Sammy White (né Samuel Kwait; 28 May 1894 Providence, Rhode Island – 3 March 1960 Beverly Hills, California) was an American vaudeville song-and-dance comedian who appeared in a few films. He appeared with Lew Clayton, as Clayton and White, in the Broadway show Schubert Gaieties of 1919.

== Career ==
With his first wife, Eva Puck, White appeared in vaudeville as Puck and White. They starred in the original Broadway stage version of the classic musical Show Boat (1927). In Show Boat, he played the role of comic dancer Frank Schultz, and Puck played the role of Ellie May Chipley, who eventually marries Frank. In 1932, they reprised their roles in the first Broadway revival of the show. However, by the time the Universal Pictures film version was made in 1936, White and Puck had divorced, so the role of Ellie went to Queenie Smith, with White repeating his performance as Frank in the film.

White later married Broadway actress Beatrice Curtis (1906–1963), the daughter of vaudeville actress Anna Chandler (1884–1957). White repeated his role as Frank in Show Boat yet again in a 1948 New York City Center revival of the show.

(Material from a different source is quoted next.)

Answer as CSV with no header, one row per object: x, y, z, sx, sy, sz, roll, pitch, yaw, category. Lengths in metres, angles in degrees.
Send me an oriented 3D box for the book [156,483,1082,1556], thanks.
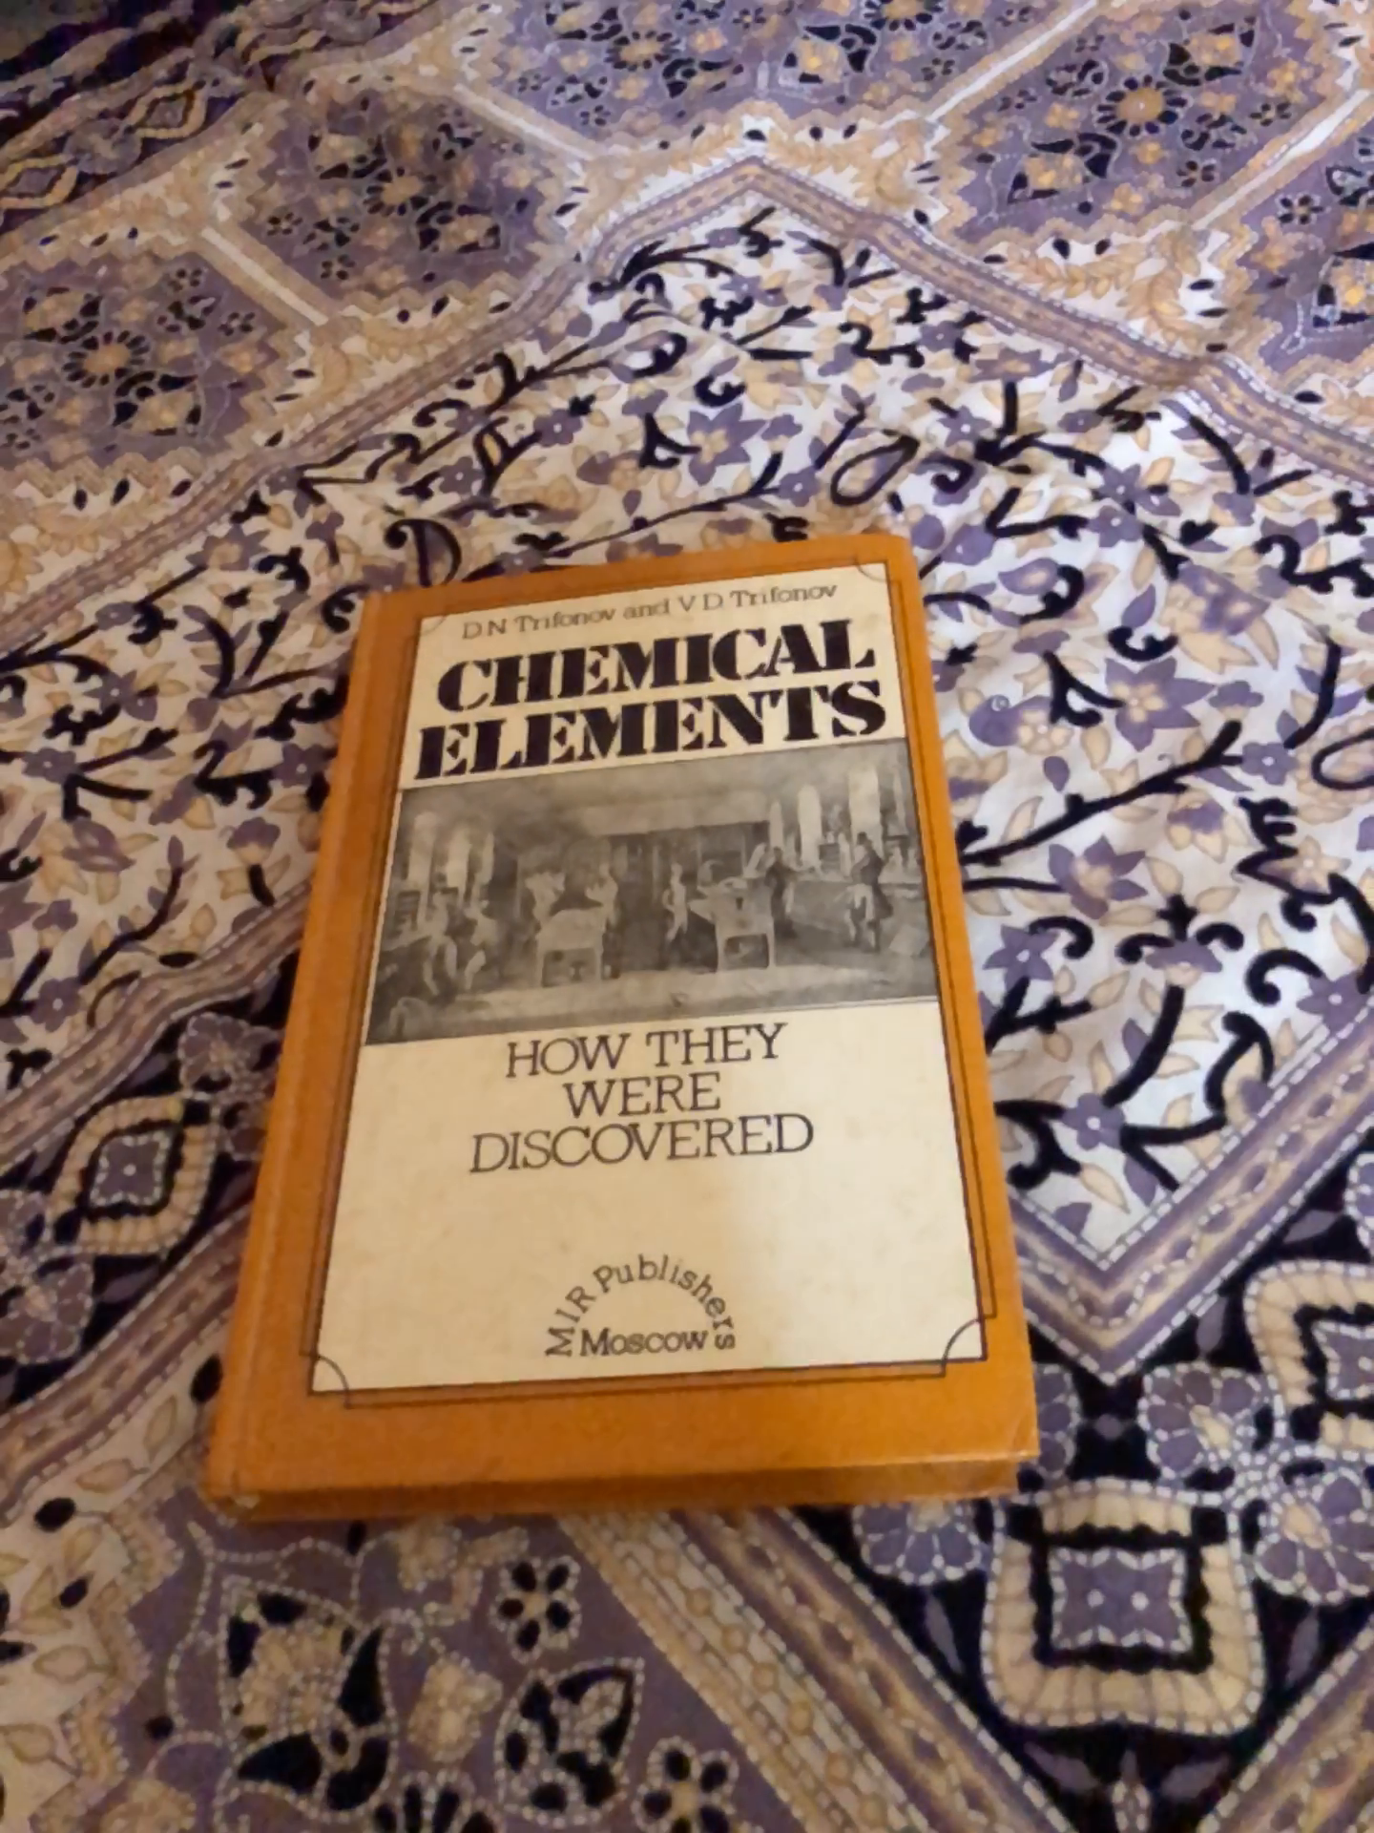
-0.012,0.004,0.304,0.140,0.030,0.221,-5,54,6,book

He also had a notable supporting role in the Spencer Tracy - Katharine Hepburn film Pat and Mike (1952), as the man to whom Tracy says (when talking about Hepburn), "Not much meat on her, but what there is, is cherce!" White and Puck also appeared in a short film made by Lee De Forest in his Phonofilm sound-on-film process, and premiered at the Rivoli Theater in New York City on 15 April 1923. This film records their comic routine "Opera Vs. Jazz" and is preserved in the Maurice Zouary collection at the Library of Congress.

White played himself in the biopic The Helen Morgan Story (1957), the biography of Helen Morgan, the torch singer who originated the role of Julie LaVerne in the original 1927 Broadway production of Show Boat and also played the role in the 1932 revival and 1936 film.